First, let’s briefly review how nominations were distributed among the past 33 BP winners:

From this histogram, we determined that the distribution was negatively skewed, i.e. more of the data is clustered on the right. Hence, we hypothesized that BP winners tend to receive more nominations than less.

Let’s continue exploring this hypothesis by taking a look at another graph. This time, let’s take each of the 33 BP winners and graph its total nomination count against its total win count. This is called a scatter plot, which can help determine if there is a relationship between the two variables.

(Note, there is some overlap in the data, e.g. both Amadeus and Gandhi had 11 nominations and 8 wins, so I induced a small amount of “jitter” in the scatter plot so we can see each data point more clearly).

As we can see, there is a bit of spread in the data, but there does seems to be a direct/positive correlation between total nomination count and total win count, i.e. more nominations tends to lead to more wins. It’s by no means a perfectly linear relationship, but a relationship does exist to a certain extent.

Now, what if we wanted to make a formal estimate of this relationship, i.e. create a mathematical formula that spits out a guess of how many wins are expected for a BP winner, given its total number of nominations. This is where regression analysis comes into play, specifically what is known as simple linear regression.

So what is simple linear regression? Well, allow me to introduce this concept by segueing into a smaller example.
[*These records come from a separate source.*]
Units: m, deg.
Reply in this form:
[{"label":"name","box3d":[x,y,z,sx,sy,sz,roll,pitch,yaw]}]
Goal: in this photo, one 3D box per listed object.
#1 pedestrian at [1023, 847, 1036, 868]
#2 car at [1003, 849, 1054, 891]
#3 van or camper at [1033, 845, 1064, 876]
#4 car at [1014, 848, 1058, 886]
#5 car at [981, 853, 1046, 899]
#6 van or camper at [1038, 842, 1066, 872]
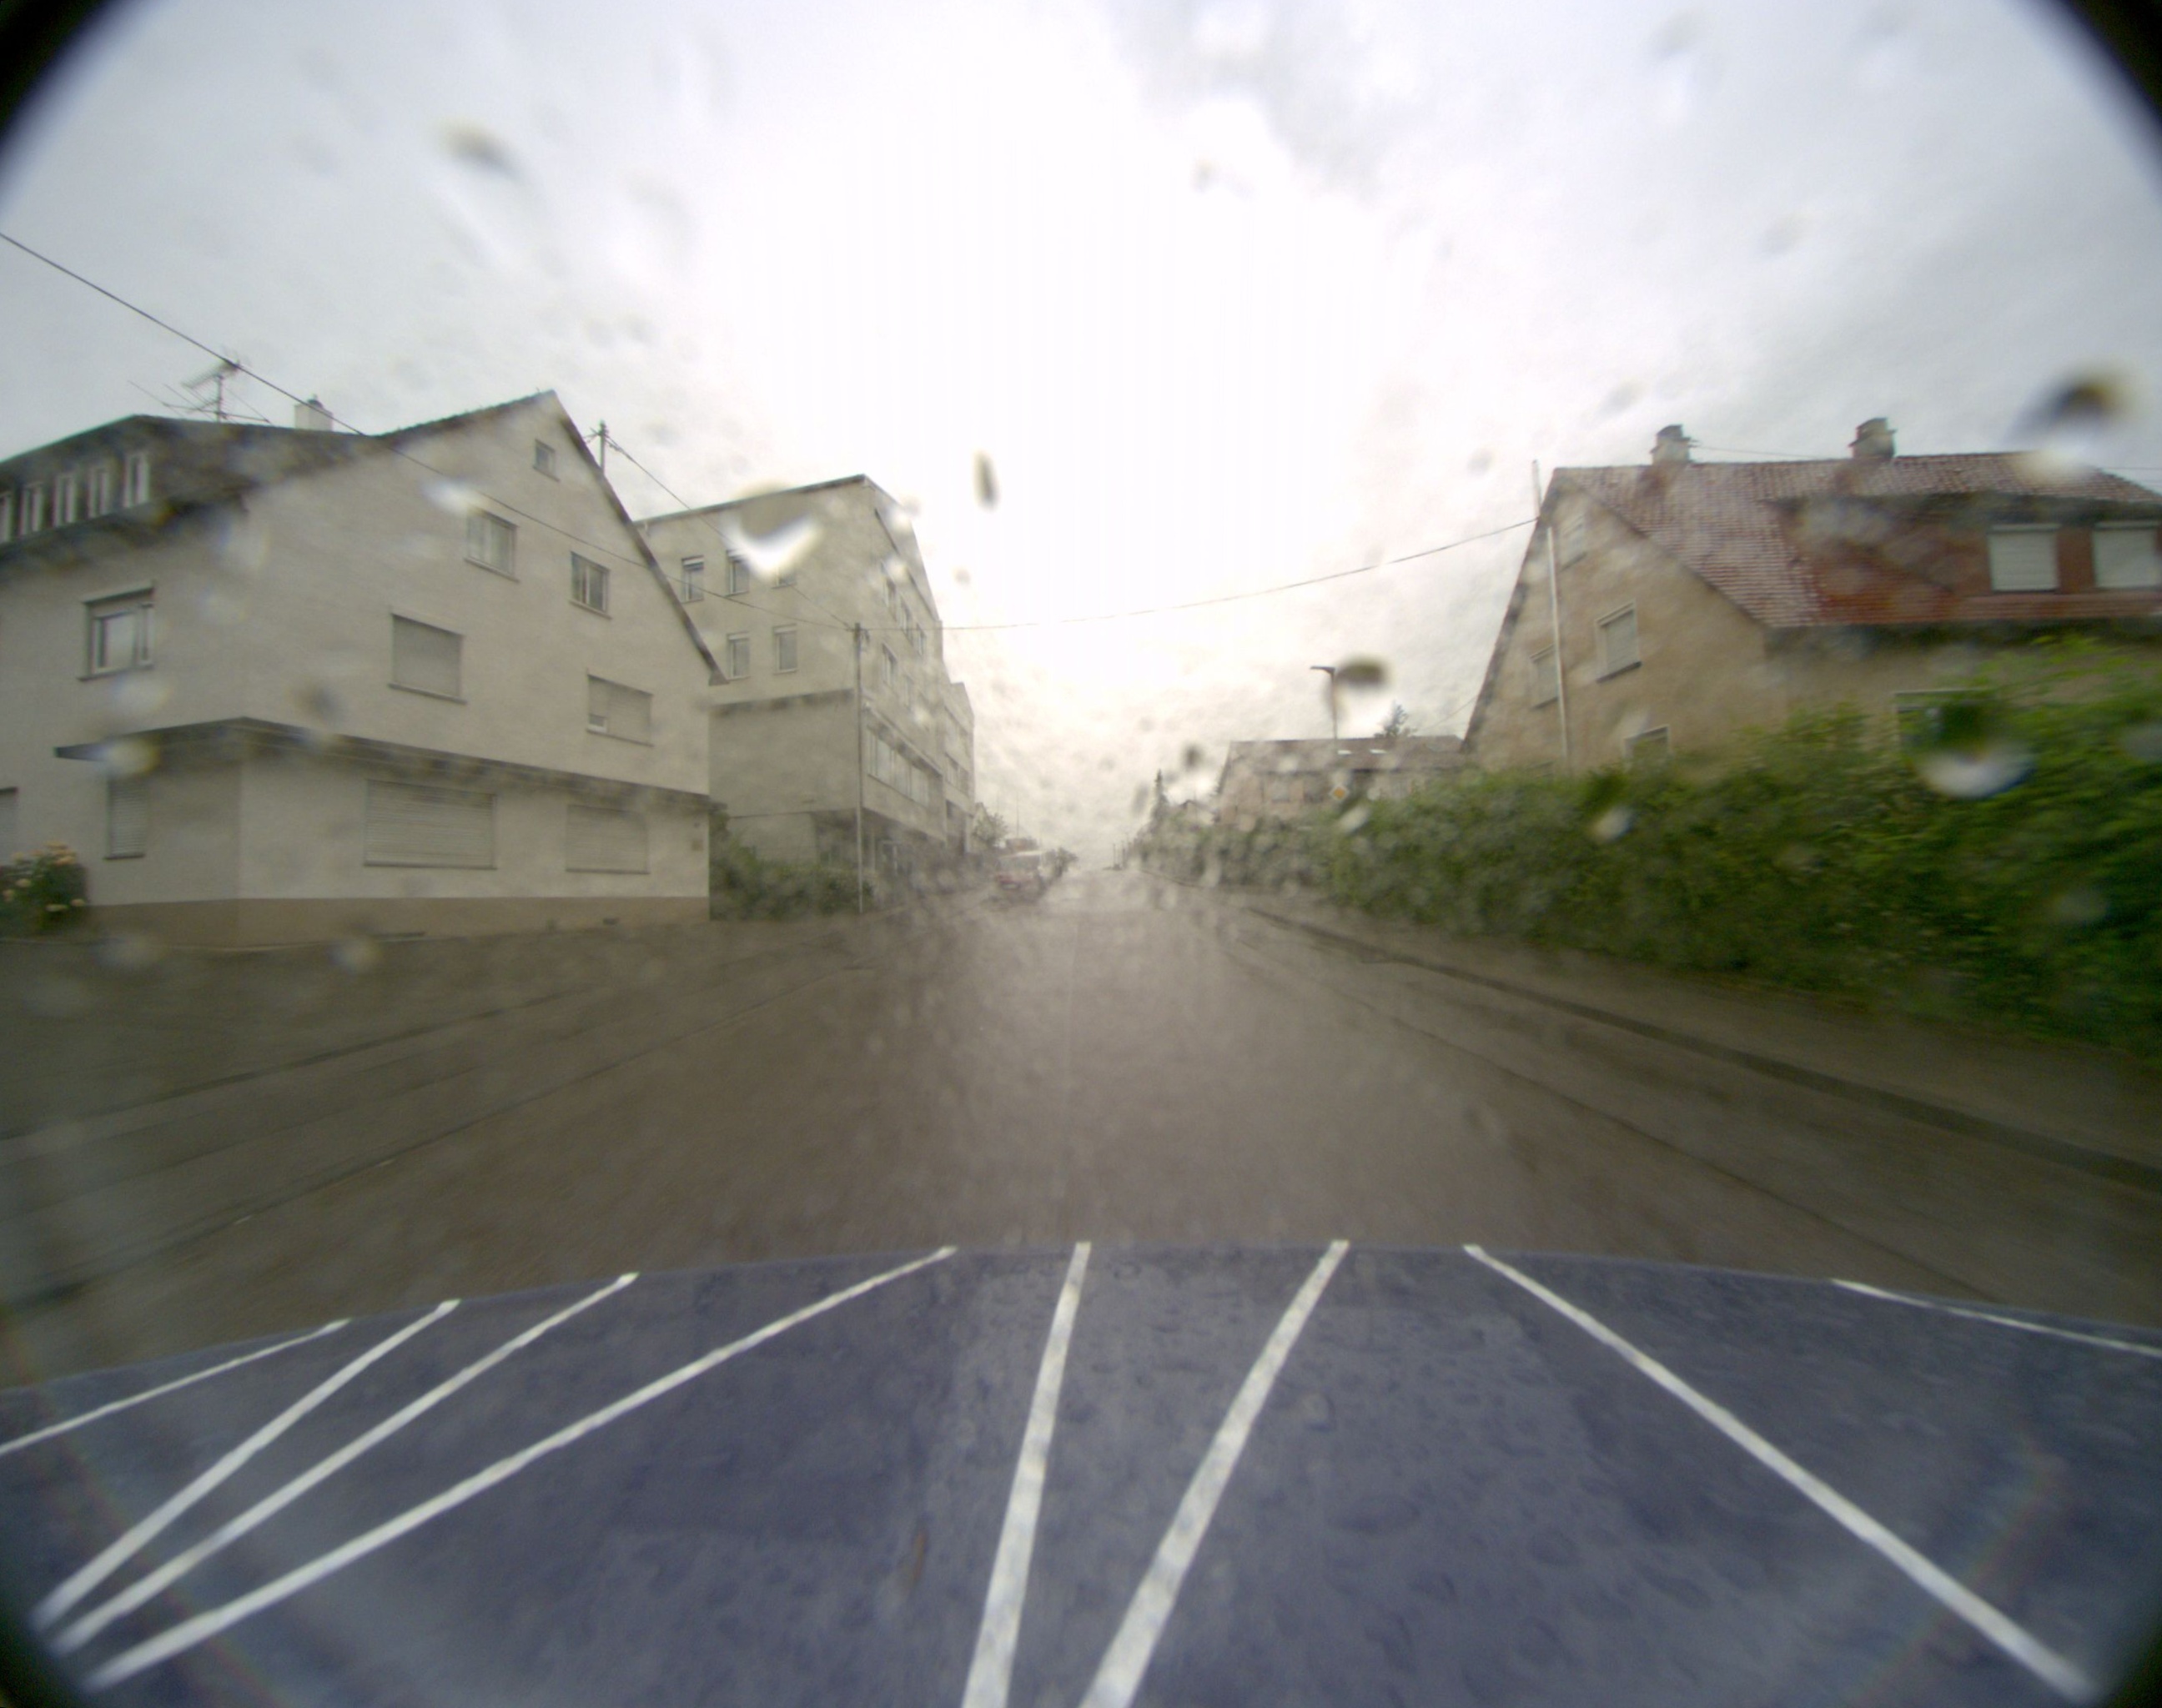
[{"label":"pedestrian","box3d":[-4.370,0.333,64.746,1.026,1.748,1.031,-1,-1,-2]},{"label":"car","box3d":[-2.378,0.693,35.496,1.883,1.823,4.489,-2,0,1]},{"label":"van or camper","box3d":[-2.295,0.447,54.979,1.998,2.101,5.202,-1,0,0]},{"label":"car","box3d":[-2.417,0.658,42.112,1.998,1.924,4.976,-2,0,1]},{"label":"car","box3d":[-2.590,0.798,30.271,1.998,1.635,4.958,-2,0,1]},{"label":"van or camper","box3d":[-2.284,0.235,61.151,1.998,2.229,5.441,-1,0,0]}]
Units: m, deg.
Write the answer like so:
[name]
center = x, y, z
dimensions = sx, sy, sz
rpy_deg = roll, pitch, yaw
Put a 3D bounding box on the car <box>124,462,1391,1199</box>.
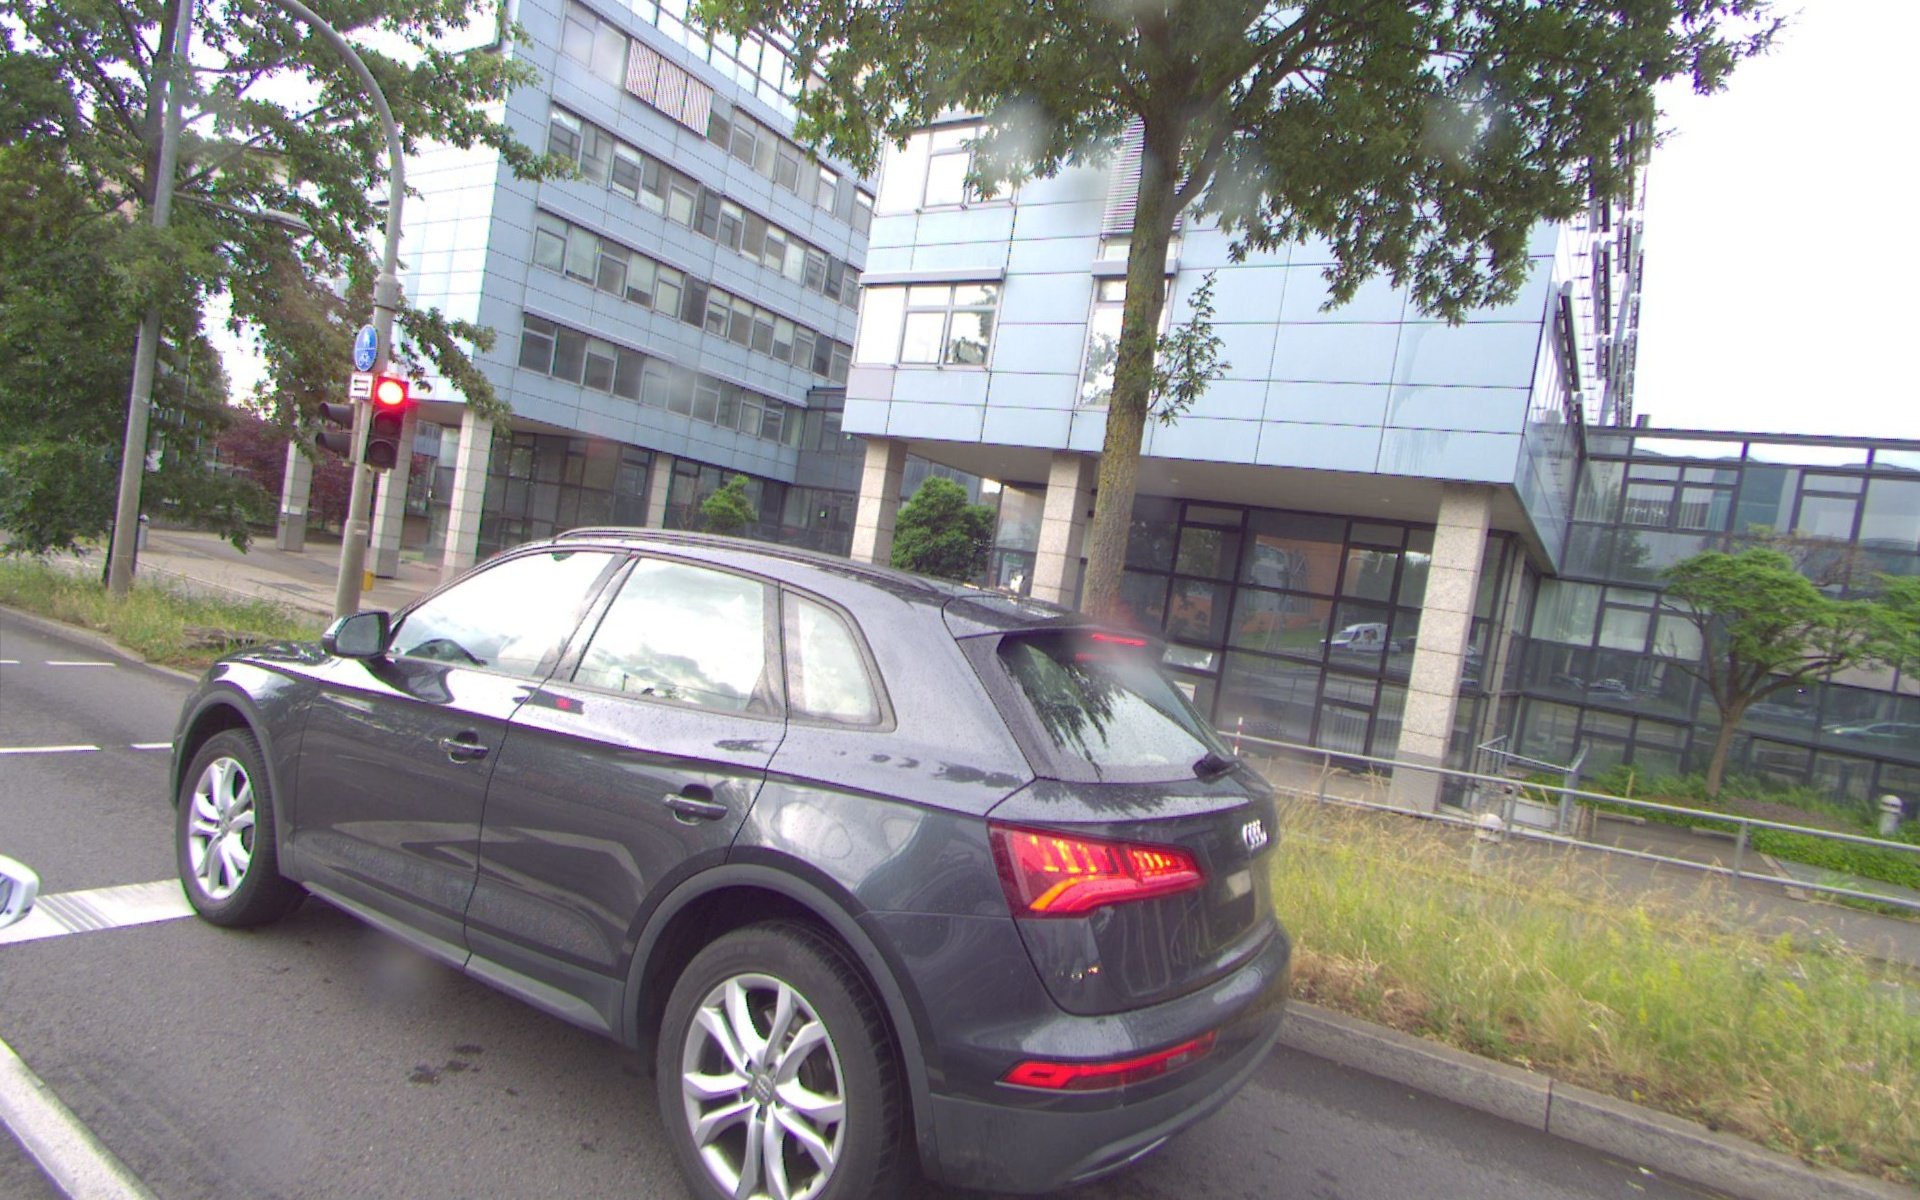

Instead of looking at the past 33 BP winners, let’s look at two: Crash (6 nominations and 3 wins) and Return of the King (11 nominations and 11 wins). Let’s call the number of nominations each received a predictor variable and the number of wins the response variable (predictor and response are synonymous with independent and dependent, respectively – I’m sure many of you have heard of independent and dependent variables in your science classes). It’s very easy to determine a perfect linear relationship between nominations and wins with 2 data points, because, well, there are just two data points. Two points are all we need to draw any straight line.

But now let’s add another BP winner: The Hurt Locker (9 nominations and 6 wins).

Although the direct relationship between total nominations and total wins still seems to hold, we simply can’t draw a straight line through all 3 points now. Still, a linear relationship appears to be a good estimate for all 3 points. Attempting to fit a line through the data would remain a reasonable indicator of how the two variables are related.

But how do we determine this line? Intuitively, it seems the best line would lie somewhere in the middle of the data points. Well, friends, this is *exactly* what a simple linear regression does. A simple linear regression mathematically determines a “best fit” line through the points of a data set, “best fit” meaning that this particular line minimizes the overall deviation between itself and the data (using a criterion called least squares). In the small three data point set, the best fit (regression) line ends up looking like this:

This regression line represents what we call the expected mean (average) response between the two variables. In other words, it indicates how many Oscars a BP winner collects, on average, based on how many nominations it has.

With this toy example out of the way, let’s now build a regression model using the data from all 33 BP winners in our time frame. Again, we will use the number of nominations as a predictor variable, the number of wins as the response variable. There are formulas that allow us to determine the regression by hand if we wish, but it’s far easier to use software. My particular weapon of choice is the statistical software package STATA.

After running the regression in STATA, we obtain the following summary table:

There is a lot of technical information in this table that I won’t go over, but I do want to highlight a few things. The first thing we need to check after running any regression is if the model is any good, i.e. if a relationship actually exists between the predictor and the response. The Prob > F part of the table informs us of this by showing that is called the p-value of the overall model. I won’t go into too much detail, but the p-value indicates the probability that the relationship we’re testing is due to pure chance. If this p-value is high, then the relationship is insignificant. As we can see, the model p-value is very, very small (0.001), indicating that a significant relationship between nominations and wins does exist.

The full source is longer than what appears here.